=== Recorded data ===

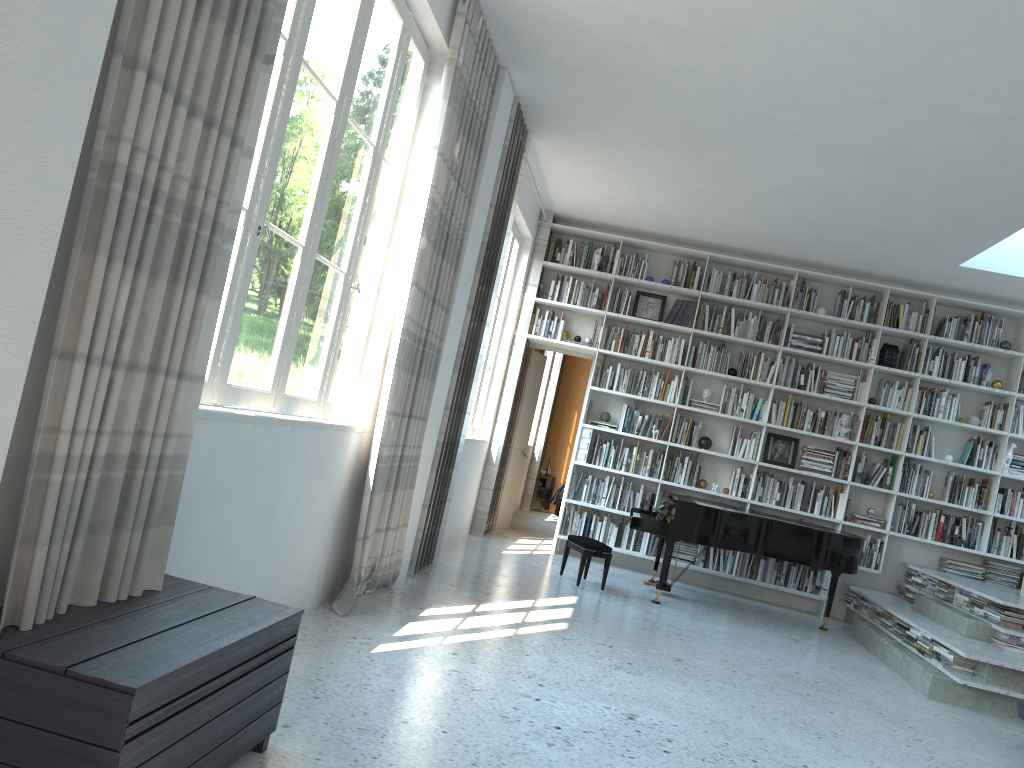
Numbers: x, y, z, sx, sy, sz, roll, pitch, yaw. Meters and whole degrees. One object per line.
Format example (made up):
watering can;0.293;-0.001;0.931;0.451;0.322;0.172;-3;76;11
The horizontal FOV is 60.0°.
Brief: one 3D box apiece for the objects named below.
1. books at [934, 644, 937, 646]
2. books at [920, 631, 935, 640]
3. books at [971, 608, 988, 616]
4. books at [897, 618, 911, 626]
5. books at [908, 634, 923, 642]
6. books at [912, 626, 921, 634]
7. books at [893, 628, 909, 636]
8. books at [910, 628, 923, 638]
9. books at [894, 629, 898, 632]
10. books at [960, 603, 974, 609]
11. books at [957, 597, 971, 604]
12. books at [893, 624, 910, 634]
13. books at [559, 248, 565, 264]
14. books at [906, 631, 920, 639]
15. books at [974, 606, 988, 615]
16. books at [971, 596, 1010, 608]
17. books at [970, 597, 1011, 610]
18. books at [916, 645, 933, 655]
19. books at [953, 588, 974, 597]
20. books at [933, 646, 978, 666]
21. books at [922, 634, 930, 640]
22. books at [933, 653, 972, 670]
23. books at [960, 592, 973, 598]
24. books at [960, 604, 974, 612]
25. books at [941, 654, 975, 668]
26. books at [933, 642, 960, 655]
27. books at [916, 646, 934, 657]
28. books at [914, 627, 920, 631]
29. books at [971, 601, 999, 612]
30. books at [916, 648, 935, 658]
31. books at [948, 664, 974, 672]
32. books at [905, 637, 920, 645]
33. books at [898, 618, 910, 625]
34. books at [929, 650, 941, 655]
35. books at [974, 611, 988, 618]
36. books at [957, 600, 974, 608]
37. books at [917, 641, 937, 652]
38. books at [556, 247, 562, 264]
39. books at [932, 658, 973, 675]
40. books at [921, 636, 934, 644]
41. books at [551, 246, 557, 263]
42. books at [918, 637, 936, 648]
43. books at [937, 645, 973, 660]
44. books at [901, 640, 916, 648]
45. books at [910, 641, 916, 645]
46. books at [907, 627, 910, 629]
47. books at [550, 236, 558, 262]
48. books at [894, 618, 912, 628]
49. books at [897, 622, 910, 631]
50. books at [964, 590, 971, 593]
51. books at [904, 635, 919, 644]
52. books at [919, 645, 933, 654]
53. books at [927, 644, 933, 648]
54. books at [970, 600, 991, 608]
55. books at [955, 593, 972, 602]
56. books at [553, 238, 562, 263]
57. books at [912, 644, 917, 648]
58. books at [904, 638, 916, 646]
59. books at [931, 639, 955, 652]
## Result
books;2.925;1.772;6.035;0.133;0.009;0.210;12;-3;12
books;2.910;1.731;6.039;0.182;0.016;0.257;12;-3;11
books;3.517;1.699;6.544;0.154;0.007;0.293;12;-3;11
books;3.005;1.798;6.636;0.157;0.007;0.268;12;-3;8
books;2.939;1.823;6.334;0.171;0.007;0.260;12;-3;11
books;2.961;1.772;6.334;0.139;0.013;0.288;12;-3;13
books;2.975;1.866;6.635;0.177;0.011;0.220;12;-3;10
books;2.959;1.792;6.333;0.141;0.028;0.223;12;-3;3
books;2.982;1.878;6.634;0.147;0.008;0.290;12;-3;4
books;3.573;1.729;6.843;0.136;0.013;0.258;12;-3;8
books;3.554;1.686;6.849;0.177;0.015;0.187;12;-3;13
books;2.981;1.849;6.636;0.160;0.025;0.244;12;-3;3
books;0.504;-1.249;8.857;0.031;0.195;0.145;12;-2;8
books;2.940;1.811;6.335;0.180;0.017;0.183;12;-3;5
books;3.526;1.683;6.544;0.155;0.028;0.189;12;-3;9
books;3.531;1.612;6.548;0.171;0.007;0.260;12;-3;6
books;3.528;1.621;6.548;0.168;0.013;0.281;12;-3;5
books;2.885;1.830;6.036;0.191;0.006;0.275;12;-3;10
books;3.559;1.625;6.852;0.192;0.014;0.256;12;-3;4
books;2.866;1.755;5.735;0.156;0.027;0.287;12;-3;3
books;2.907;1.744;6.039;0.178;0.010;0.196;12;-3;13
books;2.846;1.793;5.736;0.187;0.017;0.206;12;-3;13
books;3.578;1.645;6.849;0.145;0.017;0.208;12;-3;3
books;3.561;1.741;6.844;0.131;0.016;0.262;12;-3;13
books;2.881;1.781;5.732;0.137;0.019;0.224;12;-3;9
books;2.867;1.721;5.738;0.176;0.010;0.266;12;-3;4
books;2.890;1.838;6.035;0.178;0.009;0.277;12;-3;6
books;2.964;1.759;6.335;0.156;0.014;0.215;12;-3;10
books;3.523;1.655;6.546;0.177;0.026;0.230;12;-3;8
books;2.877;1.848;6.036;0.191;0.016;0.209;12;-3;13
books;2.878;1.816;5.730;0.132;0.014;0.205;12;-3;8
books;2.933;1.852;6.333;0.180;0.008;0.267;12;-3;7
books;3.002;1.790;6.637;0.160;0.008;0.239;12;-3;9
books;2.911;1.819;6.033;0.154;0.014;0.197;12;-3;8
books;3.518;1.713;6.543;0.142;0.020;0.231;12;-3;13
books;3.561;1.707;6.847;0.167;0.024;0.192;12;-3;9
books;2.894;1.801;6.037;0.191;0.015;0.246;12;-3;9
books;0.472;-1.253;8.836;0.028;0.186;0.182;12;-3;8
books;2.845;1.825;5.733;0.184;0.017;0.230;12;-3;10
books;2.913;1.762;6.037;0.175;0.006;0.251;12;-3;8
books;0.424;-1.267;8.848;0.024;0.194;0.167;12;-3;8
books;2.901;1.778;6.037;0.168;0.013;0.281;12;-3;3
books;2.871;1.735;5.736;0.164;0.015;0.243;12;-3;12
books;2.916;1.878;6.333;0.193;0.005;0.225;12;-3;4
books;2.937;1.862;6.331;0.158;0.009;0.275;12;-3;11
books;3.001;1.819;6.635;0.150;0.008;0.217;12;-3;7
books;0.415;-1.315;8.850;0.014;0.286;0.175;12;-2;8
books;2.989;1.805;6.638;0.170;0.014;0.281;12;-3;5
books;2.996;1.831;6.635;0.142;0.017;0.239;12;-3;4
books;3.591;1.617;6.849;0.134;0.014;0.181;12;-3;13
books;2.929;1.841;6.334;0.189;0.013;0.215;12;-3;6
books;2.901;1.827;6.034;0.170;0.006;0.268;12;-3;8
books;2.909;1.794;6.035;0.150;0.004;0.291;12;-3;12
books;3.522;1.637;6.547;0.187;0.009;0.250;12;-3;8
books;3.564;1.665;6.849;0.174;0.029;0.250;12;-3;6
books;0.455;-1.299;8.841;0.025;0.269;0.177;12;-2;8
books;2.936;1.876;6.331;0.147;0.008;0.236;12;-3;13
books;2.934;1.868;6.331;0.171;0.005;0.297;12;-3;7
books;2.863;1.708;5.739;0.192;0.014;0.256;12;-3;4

===
=== Recorded data ===

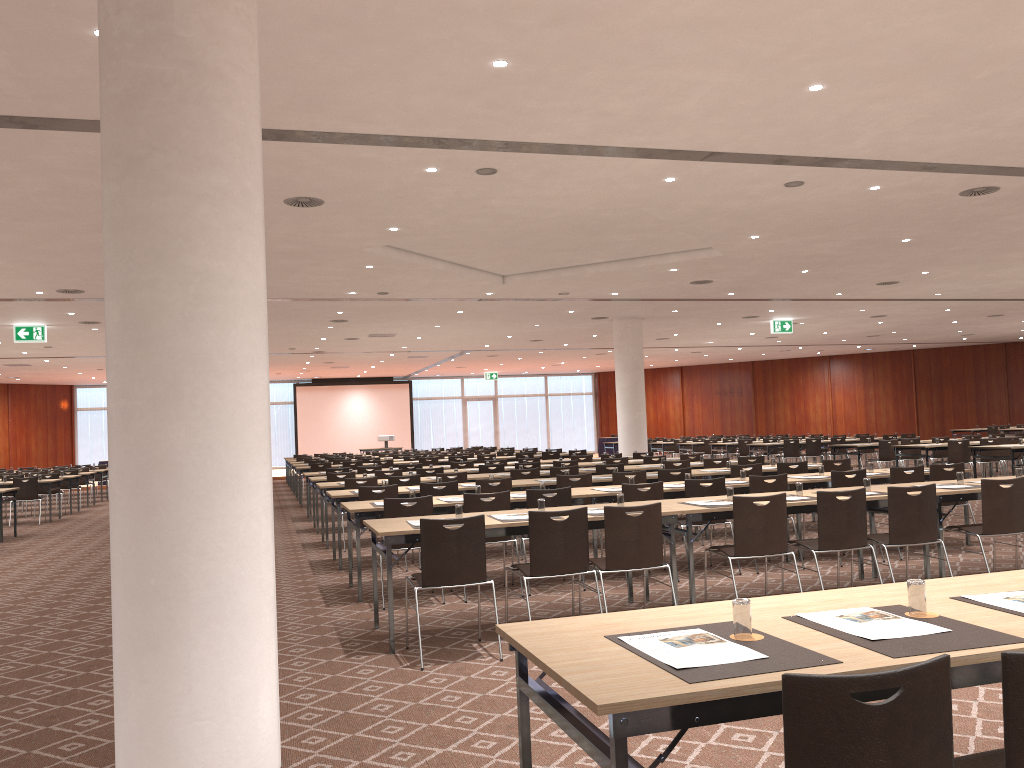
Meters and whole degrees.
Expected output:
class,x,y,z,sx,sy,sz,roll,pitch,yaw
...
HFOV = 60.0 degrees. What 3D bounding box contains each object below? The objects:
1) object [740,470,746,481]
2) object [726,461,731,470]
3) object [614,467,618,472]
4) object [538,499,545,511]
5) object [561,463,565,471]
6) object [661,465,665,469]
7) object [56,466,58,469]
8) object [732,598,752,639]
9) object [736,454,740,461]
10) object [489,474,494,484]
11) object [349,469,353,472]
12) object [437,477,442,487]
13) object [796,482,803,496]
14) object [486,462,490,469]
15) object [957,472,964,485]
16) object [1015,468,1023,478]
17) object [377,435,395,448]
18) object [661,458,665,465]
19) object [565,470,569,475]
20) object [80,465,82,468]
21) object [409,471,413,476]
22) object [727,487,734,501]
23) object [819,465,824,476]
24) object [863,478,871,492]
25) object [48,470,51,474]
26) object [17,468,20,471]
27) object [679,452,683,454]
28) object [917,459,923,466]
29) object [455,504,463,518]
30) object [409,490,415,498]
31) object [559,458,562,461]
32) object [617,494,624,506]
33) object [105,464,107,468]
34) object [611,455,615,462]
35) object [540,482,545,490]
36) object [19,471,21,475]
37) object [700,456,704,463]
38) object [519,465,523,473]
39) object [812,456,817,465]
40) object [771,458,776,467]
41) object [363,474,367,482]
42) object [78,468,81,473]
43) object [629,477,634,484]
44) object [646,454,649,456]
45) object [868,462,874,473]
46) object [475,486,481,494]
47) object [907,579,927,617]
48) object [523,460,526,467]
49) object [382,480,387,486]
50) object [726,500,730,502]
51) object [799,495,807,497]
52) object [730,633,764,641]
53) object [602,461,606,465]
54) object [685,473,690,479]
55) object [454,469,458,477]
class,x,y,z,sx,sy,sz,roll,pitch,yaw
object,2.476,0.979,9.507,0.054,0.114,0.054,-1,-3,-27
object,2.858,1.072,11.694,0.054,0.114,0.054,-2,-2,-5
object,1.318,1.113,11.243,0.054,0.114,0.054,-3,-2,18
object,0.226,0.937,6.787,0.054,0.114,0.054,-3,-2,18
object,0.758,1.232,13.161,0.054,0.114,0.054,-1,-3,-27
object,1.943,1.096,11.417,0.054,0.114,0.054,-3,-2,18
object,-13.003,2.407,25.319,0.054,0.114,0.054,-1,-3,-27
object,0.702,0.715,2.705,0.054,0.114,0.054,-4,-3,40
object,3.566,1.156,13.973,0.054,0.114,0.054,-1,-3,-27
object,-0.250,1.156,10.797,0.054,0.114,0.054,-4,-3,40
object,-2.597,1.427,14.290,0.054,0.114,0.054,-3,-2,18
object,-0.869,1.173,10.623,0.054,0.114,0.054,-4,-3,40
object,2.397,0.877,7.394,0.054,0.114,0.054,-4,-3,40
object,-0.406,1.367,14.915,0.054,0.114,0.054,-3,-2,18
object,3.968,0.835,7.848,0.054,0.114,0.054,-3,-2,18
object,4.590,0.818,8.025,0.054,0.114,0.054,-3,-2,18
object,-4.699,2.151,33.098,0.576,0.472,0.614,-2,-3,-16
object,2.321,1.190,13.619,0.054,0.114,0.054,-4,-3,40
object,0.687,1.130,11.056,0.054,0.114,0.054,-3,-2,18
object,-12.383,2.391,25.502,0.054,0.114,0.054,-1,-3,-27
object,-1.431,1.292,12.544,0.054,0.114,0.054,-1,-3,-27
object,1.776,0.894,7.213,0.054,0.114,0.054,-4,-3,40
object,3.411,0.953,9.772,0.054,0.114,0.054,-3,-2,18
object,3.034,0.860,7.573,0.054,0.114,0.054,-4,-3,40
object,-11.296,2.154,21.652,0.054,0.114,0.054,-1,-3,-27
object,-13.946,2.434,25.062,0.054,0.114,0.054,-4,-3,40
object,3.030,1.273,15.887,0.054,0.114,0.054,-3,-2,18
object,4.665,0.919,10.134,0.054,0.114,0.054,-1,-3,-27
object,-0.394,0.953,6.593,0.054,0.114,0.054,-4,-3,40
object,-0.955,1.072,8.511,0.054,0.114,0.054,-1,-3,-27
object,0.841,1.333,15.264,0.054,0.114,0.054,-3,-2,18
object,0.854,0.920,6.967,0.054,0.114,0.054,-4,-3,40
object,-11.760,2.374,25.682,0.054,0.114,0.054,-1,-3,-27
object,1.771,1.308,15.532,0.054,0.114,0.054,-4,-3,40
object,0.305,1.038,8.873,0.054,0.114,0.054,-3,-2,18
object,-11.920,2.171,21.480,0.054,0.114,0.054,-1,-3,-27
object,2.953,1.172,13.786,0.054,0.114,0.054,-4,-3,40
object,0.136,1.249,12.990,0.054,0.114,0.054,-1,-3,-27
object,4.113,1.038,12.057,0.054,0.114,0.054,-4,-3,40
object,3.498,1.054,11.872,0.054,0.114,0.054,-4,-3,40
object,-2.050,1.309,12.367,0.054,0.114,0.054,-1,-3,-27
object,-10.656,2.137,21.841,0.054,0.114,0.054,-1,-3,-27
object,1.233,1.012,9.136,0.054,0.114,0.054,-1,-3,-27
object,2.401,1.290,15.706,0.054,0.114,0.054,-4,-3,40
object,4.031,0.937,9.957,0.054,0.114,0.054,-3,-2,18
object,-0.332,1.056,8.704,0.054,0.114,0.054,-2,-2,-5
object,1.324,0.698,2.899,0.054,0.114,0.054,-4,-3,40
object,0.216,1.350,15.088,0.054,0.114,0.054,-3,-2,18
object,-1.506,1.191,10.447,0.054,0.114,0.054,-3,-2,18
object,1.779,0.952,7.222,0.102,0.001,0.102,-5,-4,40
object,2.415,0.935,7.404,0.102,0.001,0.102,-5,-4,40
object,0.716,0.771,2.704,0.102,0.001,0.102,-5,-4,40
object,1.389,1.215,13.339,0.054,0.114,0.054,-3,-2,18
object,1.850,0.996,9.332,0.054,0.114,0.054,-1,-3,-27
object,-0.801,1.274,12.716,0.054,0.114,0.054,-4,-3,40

===

Word for word, restate the lines of the listing above starting at the line with "20. books at [933, 646, 978, 666]" and ending at the line with "37. books at [917, 641, 937, 652]", and nothing outside them.

Solution for this exercise:
20. books at [933, 646, 978, 666]
21. books at [922, 634, 930, 640]
22. books at [933, 653, 972, 670]
23. books at [960, 592, 973, 598]
24. books at [960, 604, 974, 612]
25. books at [941, 654, 975, 668]
26. books at [933, 642, 960, 655]
27. books at [916, 646, 934, 657]
28. books at [914, 627, 920, 631]
29. books at [971, 601, 999, 612]
30. books at [916, 648, 935, 658]
31. books at [948, 664, 974, 672]
32. books at [905, 637, 920, 645]
33. books at [898, 618, 910, 625]
34. books at [929, 650, 941, 655]
35. books at [974, 611, 988, 618]
36. books at [957, 600, 974, 608]
37. books at [917, 641, 937, 652]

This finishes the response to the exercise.